Task description: Transcribe the listing that follows in full, exactly, and drop its images.

Given records:
━━━━━━━━━━━━━━━━
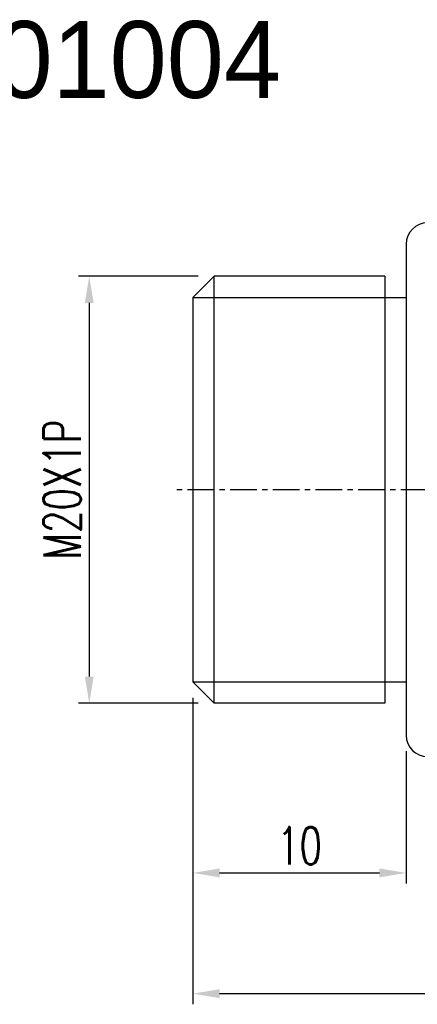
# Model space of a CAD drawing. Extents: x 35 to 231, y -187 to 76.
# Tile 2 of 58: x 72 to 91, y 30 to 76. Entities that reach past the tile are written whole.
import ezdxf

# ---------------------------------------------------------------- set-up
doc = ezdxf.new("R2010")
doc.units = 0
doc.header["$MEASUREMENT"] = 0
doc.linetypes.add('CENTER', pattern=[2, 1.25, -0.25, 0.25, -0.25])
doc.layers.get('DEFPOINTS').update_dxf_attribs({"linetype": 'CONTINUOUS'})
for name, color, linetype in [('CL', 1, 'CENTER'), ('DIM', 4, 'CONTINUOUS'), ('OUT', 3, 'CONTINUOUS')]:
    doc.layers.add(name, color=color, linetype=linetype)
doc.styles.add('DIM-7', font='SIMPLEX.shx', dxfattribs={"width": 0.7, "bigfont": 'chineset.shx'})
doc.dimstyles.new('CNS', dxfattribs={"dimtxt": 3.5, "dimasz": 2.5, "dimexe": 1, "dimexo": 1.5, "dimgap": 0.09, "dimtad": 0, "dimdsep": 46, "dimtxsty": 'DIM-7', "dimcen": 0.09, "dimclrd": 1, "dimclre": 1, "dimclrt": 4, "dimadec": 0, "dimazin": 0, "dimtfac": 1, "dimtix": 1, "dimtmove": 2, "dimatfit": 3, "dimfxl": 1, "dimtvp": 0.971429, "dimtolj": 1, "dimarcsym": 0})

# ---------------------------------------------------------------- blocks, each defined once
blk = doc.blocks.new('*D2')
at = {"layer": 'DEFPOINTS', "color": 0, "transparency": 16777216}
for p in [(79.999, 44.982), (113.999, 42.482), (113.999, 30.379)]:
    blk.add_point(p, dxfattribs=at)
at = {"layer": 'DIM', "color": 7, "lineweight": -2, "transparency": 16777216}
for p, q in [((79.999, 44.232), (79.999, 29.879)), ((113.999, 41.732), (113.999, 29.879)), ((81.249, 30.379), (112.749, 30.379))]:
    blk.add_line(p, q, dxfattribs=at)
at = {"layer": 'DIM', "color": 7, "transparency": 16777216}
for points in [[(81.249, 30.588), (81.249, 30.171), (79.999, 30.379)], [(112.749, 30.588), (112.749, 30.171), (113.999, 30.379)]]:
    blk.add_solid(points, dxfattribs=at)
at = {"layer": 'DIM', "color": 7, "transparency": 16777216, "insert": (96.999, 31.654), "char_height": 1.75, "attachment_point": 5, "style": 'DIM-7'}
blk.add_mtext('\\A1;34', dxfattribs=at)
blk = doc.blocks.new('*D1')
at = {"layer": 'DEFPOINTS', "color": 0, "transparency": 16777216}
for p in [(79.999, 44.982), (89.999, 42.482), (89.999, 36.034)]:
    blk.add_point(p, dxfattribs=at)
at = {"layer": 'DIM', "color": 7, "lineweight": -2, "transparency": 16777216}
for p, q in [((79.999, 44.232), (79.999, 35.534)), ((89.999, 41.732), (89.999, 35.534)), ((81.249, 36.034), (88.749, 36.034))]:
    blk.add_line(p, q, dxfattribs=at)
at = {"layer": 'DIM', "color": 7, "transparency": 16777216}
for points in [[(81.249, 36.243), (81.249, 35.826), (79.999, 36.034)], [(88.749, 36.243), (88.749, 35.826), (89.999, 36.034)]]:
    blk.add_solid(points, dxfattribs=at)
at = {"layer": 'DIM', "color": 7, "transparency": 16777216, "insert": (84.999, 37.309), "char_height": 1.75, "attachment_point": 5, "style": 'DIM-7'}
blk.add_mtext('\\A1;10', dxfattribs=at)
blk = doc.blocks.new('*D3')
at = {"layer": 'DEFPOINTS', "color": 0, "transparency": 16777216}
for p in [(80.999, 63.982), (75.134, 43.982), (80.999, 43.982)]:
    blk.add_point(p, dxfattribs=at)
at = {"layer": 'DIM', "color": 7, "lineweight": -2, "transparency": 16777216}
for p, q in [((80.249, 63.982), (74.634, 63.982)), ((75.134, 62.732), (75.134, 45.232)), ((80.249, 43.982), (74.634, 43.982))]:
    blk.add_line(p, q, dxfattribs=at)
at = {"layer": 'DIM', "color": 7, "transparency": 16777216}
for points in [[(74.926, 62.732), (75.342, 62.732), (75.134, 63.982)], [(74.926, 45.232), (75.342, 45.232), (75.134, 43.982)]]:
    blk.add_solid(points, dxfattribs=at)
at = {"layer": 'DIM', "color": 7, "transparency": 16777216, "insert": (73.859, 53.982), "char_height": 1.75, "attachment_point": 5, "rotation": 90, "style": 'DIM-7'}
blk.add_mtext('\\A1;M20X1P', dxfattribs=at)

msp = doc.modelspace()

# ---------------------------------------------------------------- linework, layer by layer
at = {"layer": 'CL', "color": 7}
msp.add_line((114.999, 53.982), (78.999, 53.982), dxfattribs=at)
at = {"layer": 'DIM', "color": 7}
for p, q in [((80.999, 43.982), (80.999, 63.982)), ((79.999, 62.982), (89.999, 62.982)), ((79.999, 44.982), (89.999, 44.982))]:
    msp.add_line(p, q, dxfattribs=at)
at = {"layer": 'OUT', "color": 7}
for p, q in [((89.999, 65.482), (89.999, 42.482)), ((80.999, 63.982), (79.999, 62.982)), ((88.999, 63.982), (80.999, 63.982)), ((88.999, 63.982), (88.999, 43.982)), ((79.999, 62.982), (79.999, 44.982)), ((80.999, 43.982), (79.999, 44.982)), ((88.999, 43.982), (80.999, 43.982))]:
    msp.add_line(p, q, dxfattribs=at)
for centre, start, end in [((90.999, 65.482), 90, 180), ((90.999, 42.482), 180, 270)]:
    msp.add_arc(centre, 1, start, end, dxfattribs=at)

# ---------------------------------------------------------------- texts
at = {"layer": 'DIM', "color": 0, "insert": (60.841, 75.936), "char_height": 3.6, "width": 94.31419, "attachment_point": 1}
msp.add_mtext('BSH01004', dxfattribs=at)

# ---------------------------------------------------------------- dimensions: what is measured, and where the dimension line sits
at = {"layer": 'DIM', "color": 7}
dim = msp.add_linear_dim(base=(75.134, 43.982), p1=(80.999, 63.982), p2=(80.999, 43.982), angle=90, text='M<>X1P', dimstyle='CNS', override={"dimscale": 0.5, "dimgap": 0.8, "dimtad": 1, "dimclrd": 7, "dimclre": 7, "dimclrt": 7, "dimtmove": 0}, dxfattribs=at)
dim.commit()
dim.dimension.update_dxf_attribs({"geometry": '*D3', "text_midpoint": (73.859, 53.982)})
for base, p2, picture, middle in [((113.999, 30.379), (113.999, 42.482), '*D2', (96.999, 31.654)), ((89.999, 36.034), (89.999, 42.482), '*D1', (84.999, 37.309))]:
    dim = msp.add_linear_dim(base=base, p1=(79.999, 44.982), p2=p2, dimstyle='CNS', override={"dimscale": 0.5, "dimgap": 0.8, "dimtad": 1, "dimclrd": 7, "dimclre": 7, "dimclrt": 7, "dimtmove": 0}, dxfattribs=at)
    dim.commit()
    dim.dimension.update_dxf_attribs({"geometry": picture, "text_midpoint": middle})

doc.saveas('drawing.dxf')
━━━━━━━━━━━━━━━━
Response for this exercise:
# Model space of a CAD drawing. Extents: x 35 to 231, y -187 to 76.
# Tile 2 of 58: x 72 to 91, y 30 to 76. Entities that reach past the tile are written whole.
import ezdxf

# ---------------------------------------------------------------- set-up
doc = ezdxf.new("R2010")
doc.units = 0
doc.header["$MEASUREMENT"] = 0
doc.linetypes.add('CENTER', pattern=[2, 1.25, -0.25, 0.25, -0.25])
doc.layers.get('DEFPOINTS').update_dxf_attribs({"linetype": 'CONTINUOUS'})
for name, color, linetype in [('CL', 1, 'CENTER'), ('DIM', 4, 'CONTINUOUS'), ('OUT', 3, 'CONTINUOUS')]:
    doc.layers.add(name, color=color, linetype=linetype)
doc.styles.add('DIM-7', font='SIMPLEX.shx', dxfattribs={"width": 0.7, "bigfont": 'chineset.shx'})
doc.dimstyles.new('CNS', dxfattribs={"dimtxt": 3.5, "dimasz": 2.5, "dimexe": 1, "dimexo": 1.5, "dimgap": 0.09, "dimtad": 0, "dimdsep": 46, "dimtxsty": 'DIM-7', "dimcen": 0.09, "dimclrd": 1, "dimclre": 1, "dimclrt": 4, "dimadec": 0, "dimazin": 0, "dimtfac": 1, "dimtix": 1, "dimtmove": 2, "dimatfit": 3, "dimfxl": 1, "dimtvp": 0.971429, "dimtolj": 1, "dimarcsym": 0})

# ---------------------------------------------------------------- blocks, each defined once
blk = doc.blocks.new('*D2')
at = {"layer": 'DEFPOINTS', "color": 0, "transparency": 16777216}
for p in [(79.999, 44.982), (113.999, 42.482), (113.999, 30.379)]:
    blk.add_point(p, dxfattribs=at)
at = {"layer": 'DIM', "color": 7, "lineweight": -2, "transparency": 16777216}
for p, q in [((79.999, 44.232), (79.999, 29.879)), ((113.999, 41.732), (113.999, 29.879)), ((81.249, 30.379), (112.749, 30.379))]:
    blk.add_line(p, q, dxfattribs=at)
at = {"layer": 'DIM', "color": 7, "transparency": 16777216}
for points in [[(81.249, 30.588), (81.249, 30.171), (79.999, 30.379)], [(112.749, 30.588), (112.749, 30.171), (113.999, 30.379)]]:
    blk.add_solid(points, dxfattribs=at)
at = {"layer": 'DIM', "color": 7, "transparency": 16777216, "insert": (96.999, 31.654), "char_height": 1.75, "attachment_point": 5, "style": 'DIM-7'}
blk.add_mtext('\\A1;34', dxfattribs=at)
blk = doc.blocks.new('*D1')
at = {"layer": 'DEFPOINTS', "color": 0, "transparency": 16777216}
for p in [(79.999, 44.982), (89.999, 42.482), (89.999, 36.034)]:
    blk.add_point(p, dxfattribs=at)
at = {"layer": 'DIM', "color": 7, "lineweight": -2, "transparency": 16777216}
for p, q in [((79.999, 44.232), (79.999, 35.534)), ((89.999, 41.732), (89.999, 35.534)), ((81.249, 36.034), (88.749, 36.034))]:
    blk.add_line(p, q, dxfattribs=at)
at = {"layer": 'DIM', "color": 7, "transparency": 16777216}
for points in [[(81.249, 36.243), (81.249, 35.826), (79.999, 36.034)], [(88.749, 36.243), (88.749, 35.826), (89.999, 36.034)]]:
    blk.add_solid(points, dxfattribs=at)
at = {"layer": 'DIM', "color": 7, "transparency": 16777216, "insert": (84.999, 37.309), "char_height": 1.75, "attachment_point": 5, "style": 'DIM-7'}
blk.add_mtext('\\A1;10', dxfattribs=at)
blk = doc.blocks.new('*D3')
at = {"layer": 'DEFPOINTS', "color": 0, "transparency": 16777216}
for p in [(80.999, 63.982), (75.134, 43.982), (80.999, 43.982)]:
    blk.add_point(p, dxfattribs=at)
at = {"layer": 'DIM', "color": 7, "lineweight": -2, "transparency": 16777216}
for p, q in [((80.249, 63.982), (74.634, 63.982)), ((75.134, 62.732), (75.134, 45.232)), ((80.249, 43.982), (74.634, 43.982))]:
    blk.add_line(p, q, dxfattribs=at)
at = {"layer": 'DIM', "color": 7, "transparency": 16777216}
for points in [[(74.926, 62.732), (75.342, 62.732), (75.134, 63.982)], [(74.926, 45.232), (75.342, 45.232), (75.134, 43.982)]]:
    blk.add_solid(points, dxfattribs=at)
at = {"layer": 'DIM', "color": 7, "transparency": 16777216, "insert": (73.859, 53.982), "char_height": 1.75, "attachment_point": 5, "rotation": 90, "style": 'DIM-7'}
blk.add_mtext('\\A1;M20X1P', dxfattribs=at)

msp = doc.modelspace()

# ---------------------------------------------------------------- linework, layer by layer
at = {"layer": 'CL', "color": 7}
msp.add_line((114.999, 53.982), (78.999, 53.982), dxfattribs=at)
at = {"layer": 'DIM', "color": 7}
for p, q in [((80.999, 43.982), (80.999, 63.982)), ((79.999, 62.982), (89.999, 62.982)), ((79.999, 44.982), (89.999, 44.982))]:
    msp.add_line(p, q, dxfattribs=at)
at = {"layer": 'OUT', "color": 7}
for p, q in [((89.999, 65.482), (89.999, 42.482)), ((80.999, 63.982), (79.999, 62.982)), ((88.999, 63.982), (80.999, 63.982)), ((88.999, 63.982), (88.999, 43.982)), ((79.999, 62.982), (79.999, 44.982)), ((80.999, 43.982), (79.999, 44.982)), ((88.999, 43.982), (80.999, 43.982))]:
    msp.add_line(p, q, dxfattribs=at)
for centre, start, end in [((90.999, 65.482), 90, 180), ((90.999, 42.482), 180, 270)]:
    msp.add_arc(centre, 1, start, end, dxfattribs=at)

# ---------------------------------------------------------------- texts
at = {"layer": 'DIM', "color": 0, "insert": (60.841, 75.936), "char_height": 3.6, "width": 94.31419, "attachment_point": 1}
msp.add_mtext('BSH01004', dxfattribs=at)

# ---------------------------------------------------------------- dimensions: what is measured, and where the dimension line sits
at = {"layer": 'DIM', "color": 7}
dim = msp.add_linear_dim(base=(75.134, 43.982), p1=(80.999, 63.982), p2=(80.999, 43.982), angle=90, text='M<>X1P', dimstyle='CNS', override={"dimscale": 0.5, "dimgap": 0.8, "dimtad": 1, "dimclrd": 7, "dimclre": 7, "dimclrt": 7, "dimtmove": 0}, dxfattribs=at)
dim.commit()
dim.dimension.update_dxf_attribs({"geometry": '*D3', "text_midpoint": (73.859, 53.982)})
for base, p2, picture, middle in [((113.999, 30.379), (113.999, 42.482), '*D2', (96.999, 31.654)), ((89.999, 36.034), (89.999, 42.482), '*D1', (84.999, 37.309))]:
    dim = msp.add_linear_dim(base=base, p1=(79.999, 44.982), p2=p2, dimstyle='CNS', override={"dimscale": 0.5, "dimgap": 0.8, "dimtad": 1, "dimclrd": 7, "dimclre": 7, "dimclrt": 7, "dimtmove": 0}, dxfattribs=at)
    dim.commit()
    dim.dimension.update_dxf_attribs({"geometry": picture, "text_midpoint": middle})

doc.saveas('drawing.dxf')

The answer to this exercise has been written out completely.